Selena is a 1997 American biographical musical drama film about Tejano music star Selena Quintanilla-Pérez, played by Jennifer Lopez. The film, written and directed by Gregory Nava, chronicles the star's rise to fame and death when she was murdered by Yolanda Saldívar at the age of 23. In addition to Lopez, the film also stars Edward James Olmos, Jon Seda, Constance Marie, Jacob Vargas, Lupe Ontiveros, and Jackie Guerra in her film debut.

Selena was released in the United States on March 21, 1997, by Warner Bros. Pictures. The film received positive reviews from critics and grossed $35 million worldwide against a production budget of $20 million. For her performance, Jennifer Lopez received a Best Actress nomination at the 55th Golden Globes.

In 2021, it was selected for preservation in the United States National Film Registry by the Library of Congress as being "culturally, historically, or aesthetically significant", and was re-released in select cinemas on April 7, 2022, to coincide with the film's 25th anniversary.

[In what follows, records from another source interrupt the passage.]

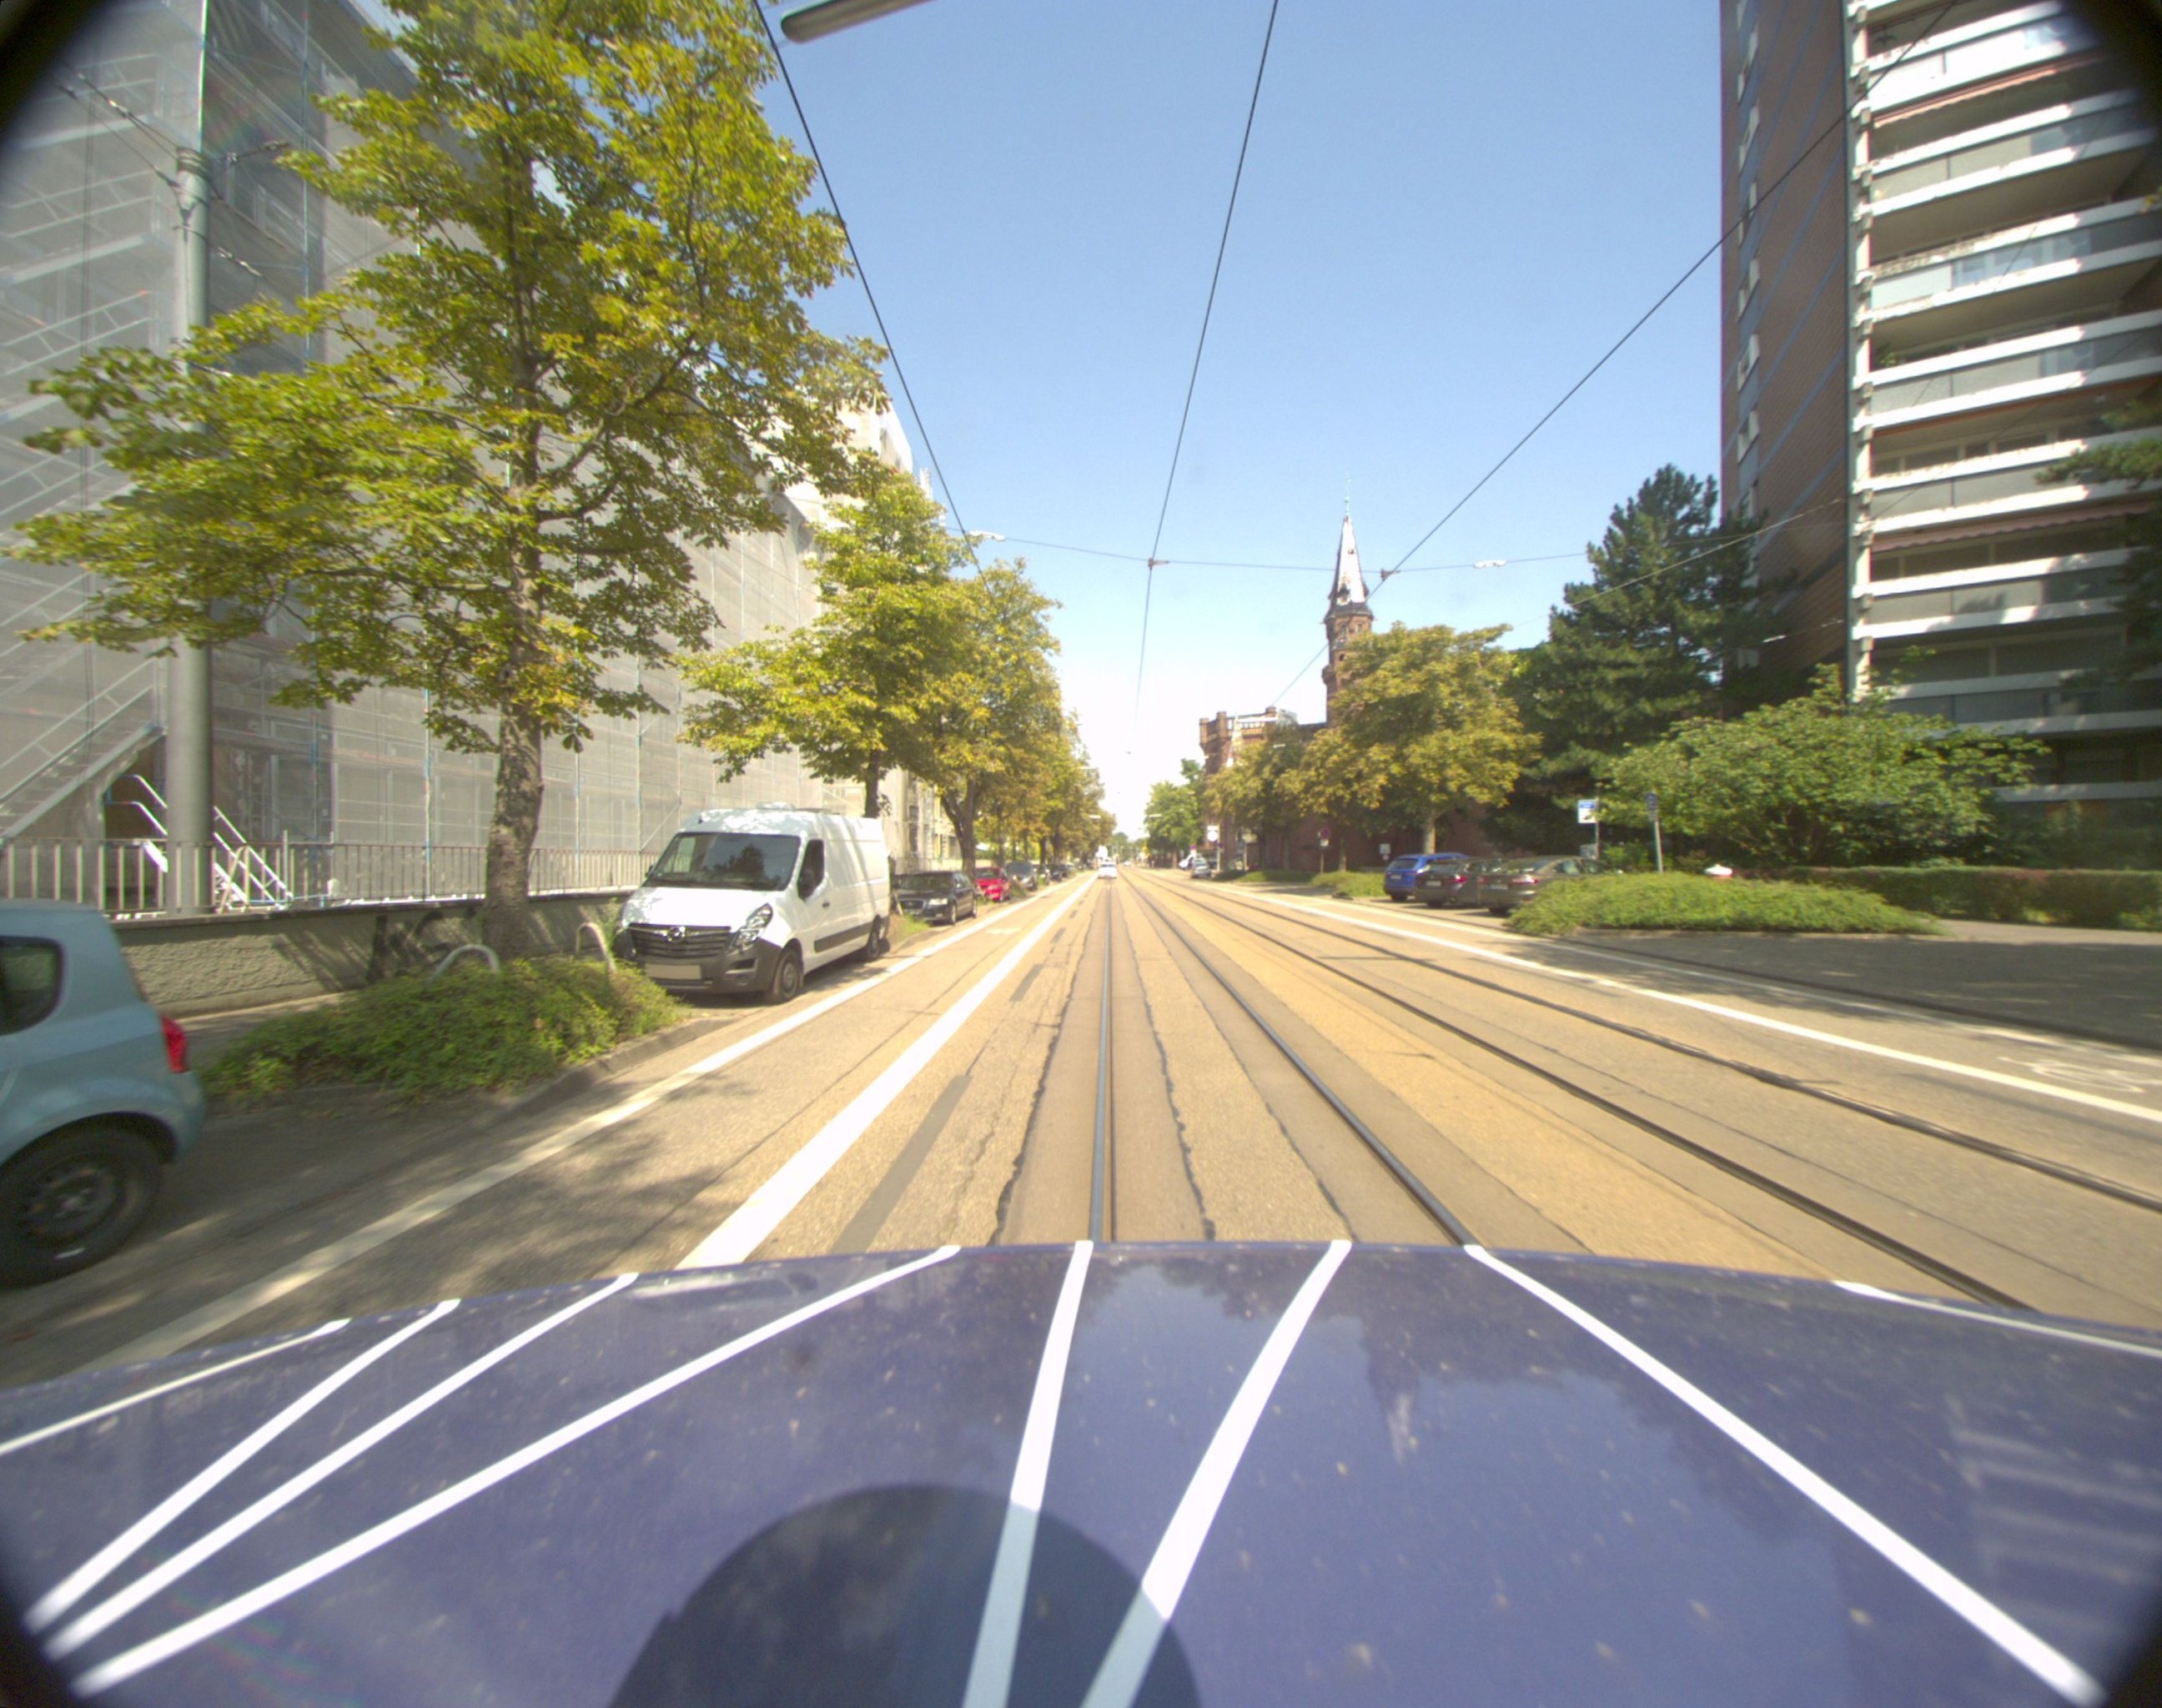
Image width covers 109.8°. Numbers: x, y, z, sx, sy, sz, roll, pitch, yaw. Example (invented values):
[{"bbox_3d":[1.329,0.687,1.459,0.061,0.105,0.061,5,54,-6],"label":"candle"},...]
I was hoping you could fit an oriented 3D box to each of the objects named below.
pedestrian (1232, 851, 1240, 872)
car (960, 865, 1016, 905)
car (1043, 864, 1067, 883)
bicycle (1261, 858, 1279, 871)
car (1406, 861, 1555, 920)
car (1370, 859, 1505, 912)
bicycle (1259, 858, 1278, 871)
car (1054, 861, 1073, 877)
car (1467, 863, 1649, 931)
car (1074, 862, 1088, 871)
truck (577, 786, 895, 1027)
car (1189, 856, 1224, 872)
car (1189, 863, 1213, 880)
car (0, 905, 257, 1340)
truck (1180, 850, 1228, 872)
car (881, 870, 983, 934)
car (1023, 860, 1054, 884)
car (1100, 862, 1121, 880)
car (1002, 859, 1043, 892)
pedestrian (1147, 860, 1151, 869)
[{"bbox_3d":[14.870,0.691,73.012,0.520,1.969,0.504,-2,1,-44],"label":"pedestrian"},{"bbox_3d":[-3.817,1.231,31.708,1.689,1.491,4.132,-1,0,2],"label":"car"},{"bbox_3d":[-2.228,1.675,65.075,1.644,1.561,4.085,1,-1,3],"label":"car"},{"bbox_3d":[16.576,0.921,66.664,1.448,1.056,0.377,-6,1,-8],"label":"bicycle"},{"bbox_3d":[11.766,1.019,22.370,4.005,1.560,1.777,-1,0,-25],"label":"car"},{"bbox_3d":[12.044,1.015,25.691,4.004,1.638,1.839,-1,0,-21],"label":"car"},{"bbox_3d":[16.536,0.923,66.983,1.448,1.056,0.377,-6,1,-8],"label":"bicycle"},{"bbox_3d":[-1.776,1.506,77.097,1.642,1.464,3.994,2,0,2],"label":"car"},{"bbox_3d":[12.057,1.014,19.207,4.301,1.488,1.777,-1,0,-24],"label":"car"},{"bbox_3d":[0.014,2.044,125.560,1.998,1.521,4.001,-1,0,3],"label":"car"},{"bbox_3d":[-4.420,0.571,11.024,1.921,2.584,5.592,-1,0,1],"label":"truck"},{"bbox_3d":[17.158,1.372,104.233,4.407,1.787,2.001,-5,0,4],"label":"car"},{"bbox_3d":[11.381,1.667,72.500,1.939,1.493,4.516,-1,0,5],"label":"car"},{"bbox_3d":[-4.994,1.060,1.700,1.678,1.570,4.172,1,0,2],"label":"car"},{"bbox_3d":[17.831,1.024,110.283,6.509,2.509,2.318,-5,0,3],"label":"truck"},{"bbox_3d":[-3.995,1.239,21.195,1.689,1.432,4.804,-1,0,3],"label":"car"},{"bbox_3d":[-2.924,1.237,52.664,1.689,1.561,4.001,-1,0,3],"label":"car"},{"bbox_3d":[2.699,1.561,70.322,1.824,1.483,4.019,-2,0,1],"label":"car"},{"bbox_3d":[-3.191,1.138,42.301,1.766,1.678,4.649,-1,0,1],"label":"car"},{"bbox_3d":[13.080,2.005,146.729,0.736,1.837,0.828,-1,0,3],"label":"pedestrian"}]
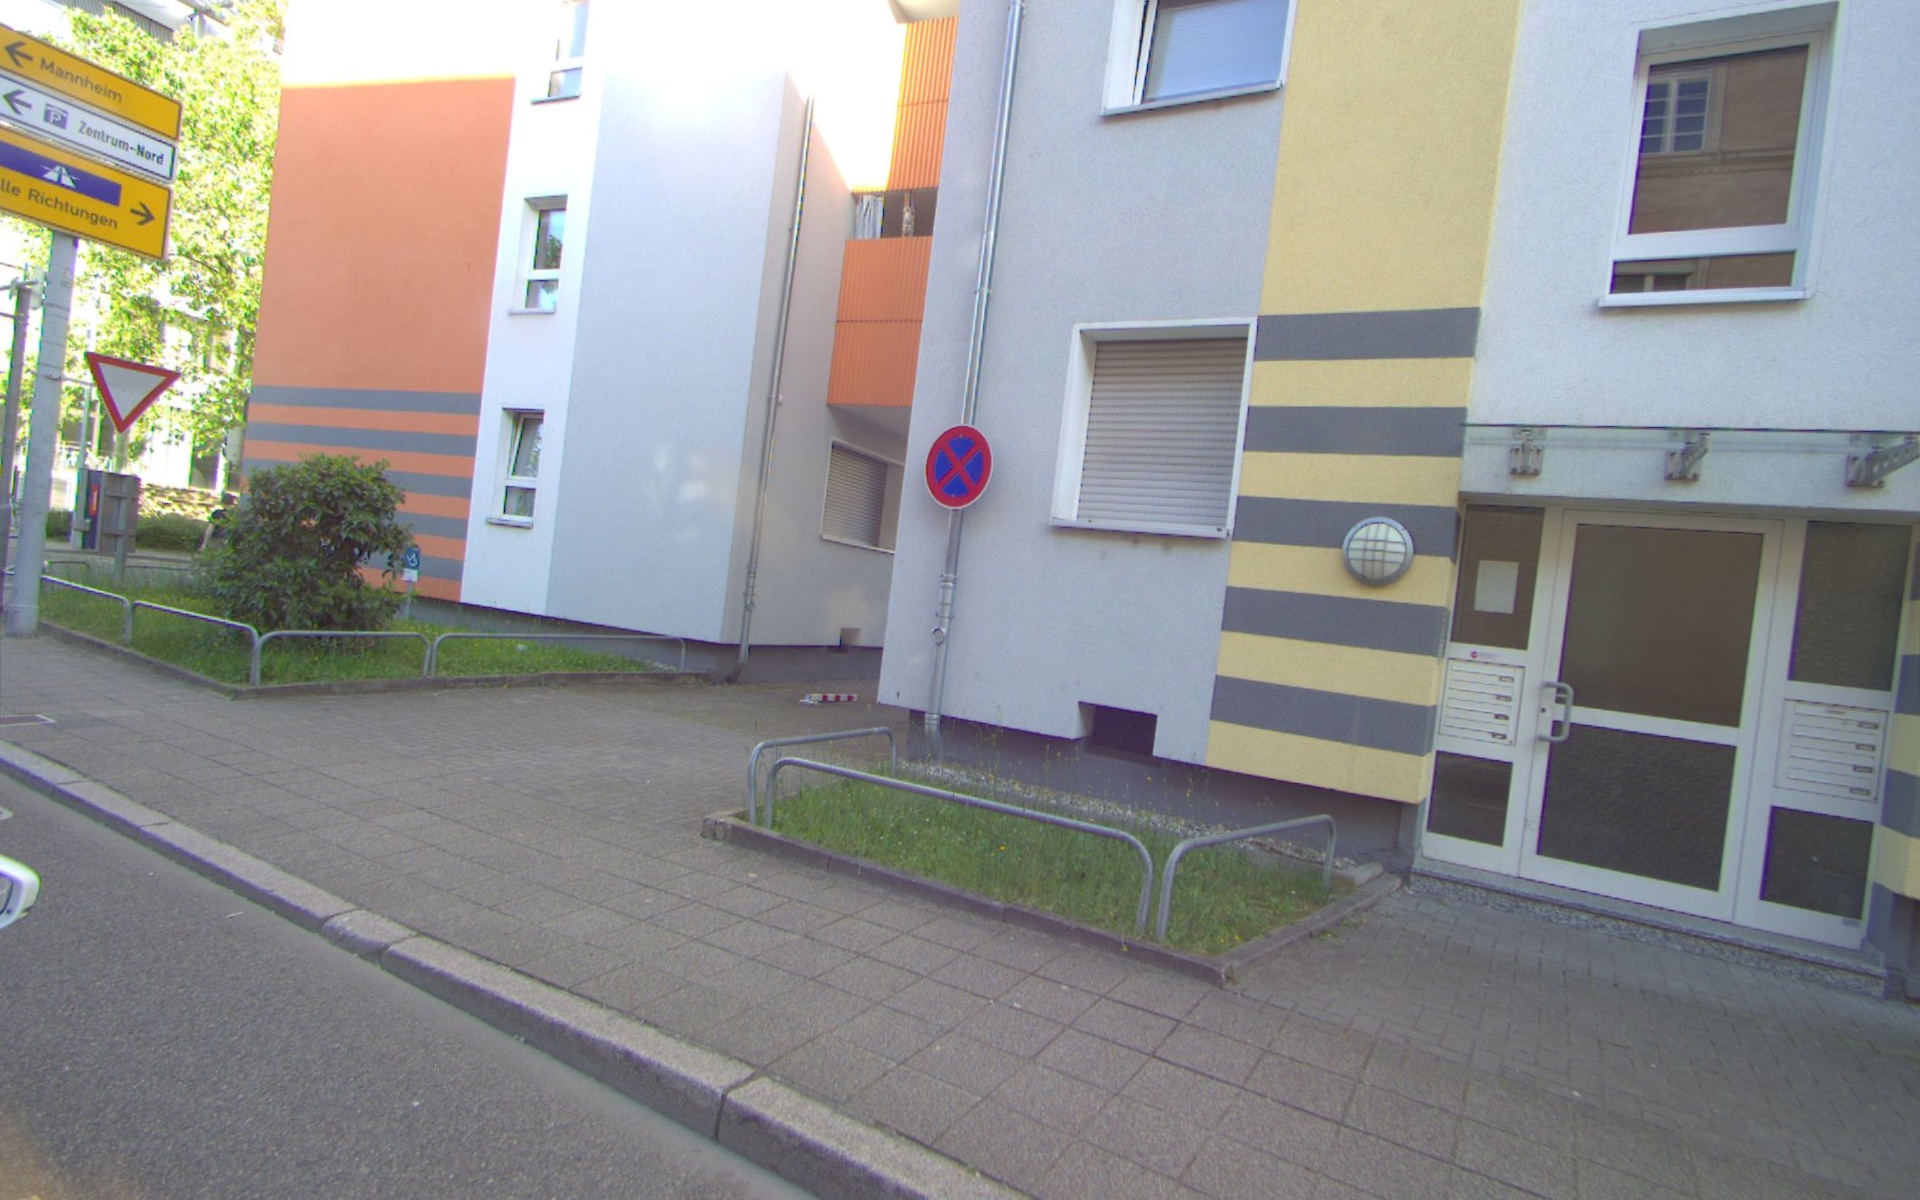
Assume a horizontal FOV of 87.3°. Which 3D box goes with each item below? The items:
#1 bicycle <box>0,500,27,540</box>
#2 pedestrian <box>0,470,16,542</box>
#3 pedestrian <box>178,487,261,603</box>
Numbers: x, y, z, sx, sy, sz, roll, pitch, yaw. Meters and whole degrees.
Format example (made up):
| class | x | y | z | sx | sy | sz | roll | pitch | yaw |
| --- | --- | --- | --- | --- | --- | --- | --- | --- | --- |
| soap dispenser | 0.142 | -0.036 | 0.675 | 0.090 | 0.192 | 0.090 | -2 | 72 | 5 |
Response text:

In 2024, the Pérez Art Museum Miami organized a screening of Selena as part of the institution's Floating Films with Ballyhoo Media. During this event, the film was screened from the water.

Plot

The film opens backstage at the Astrodome in Houston, Texas, on February 26, 1995, right before Tejano superstar Selena plays to a sold-out crowd ("Disco Medley").

In 1961, young Abraham Quintanilla and his band "The Dinos" are rejected by a restaurant owner after an audition in Texas. They perform for a Mexican-American nightclub, but a riot ensues when they do not perform the audience's preferred Tejano music, but rather American pop ("Blue Moon").

Twenty years later, Abraham is married to Marcella and living in Lake Jackson, Texas with three children: son A.B., and daughters Suzette and Selena. Discovering Selena's singing talent, Abraham creates the band "Selena y Los Dinos", her as lead singer, A.B. on bass, and Suzette on drums. Initially reluctant, the children enjoy making music ("We Belong Together"). Moving to Corpus Christi, Texas, the band goes on the road to support the family. After lackluster reception at a carnival, Selena begins adding more dance and personality into her act. The band's success grows following local performances. In 1989, Selena reveals her bustier during a carnival performance ("Baila Esta Cumbia"), angering Abraham due to its sexually suggestive nature.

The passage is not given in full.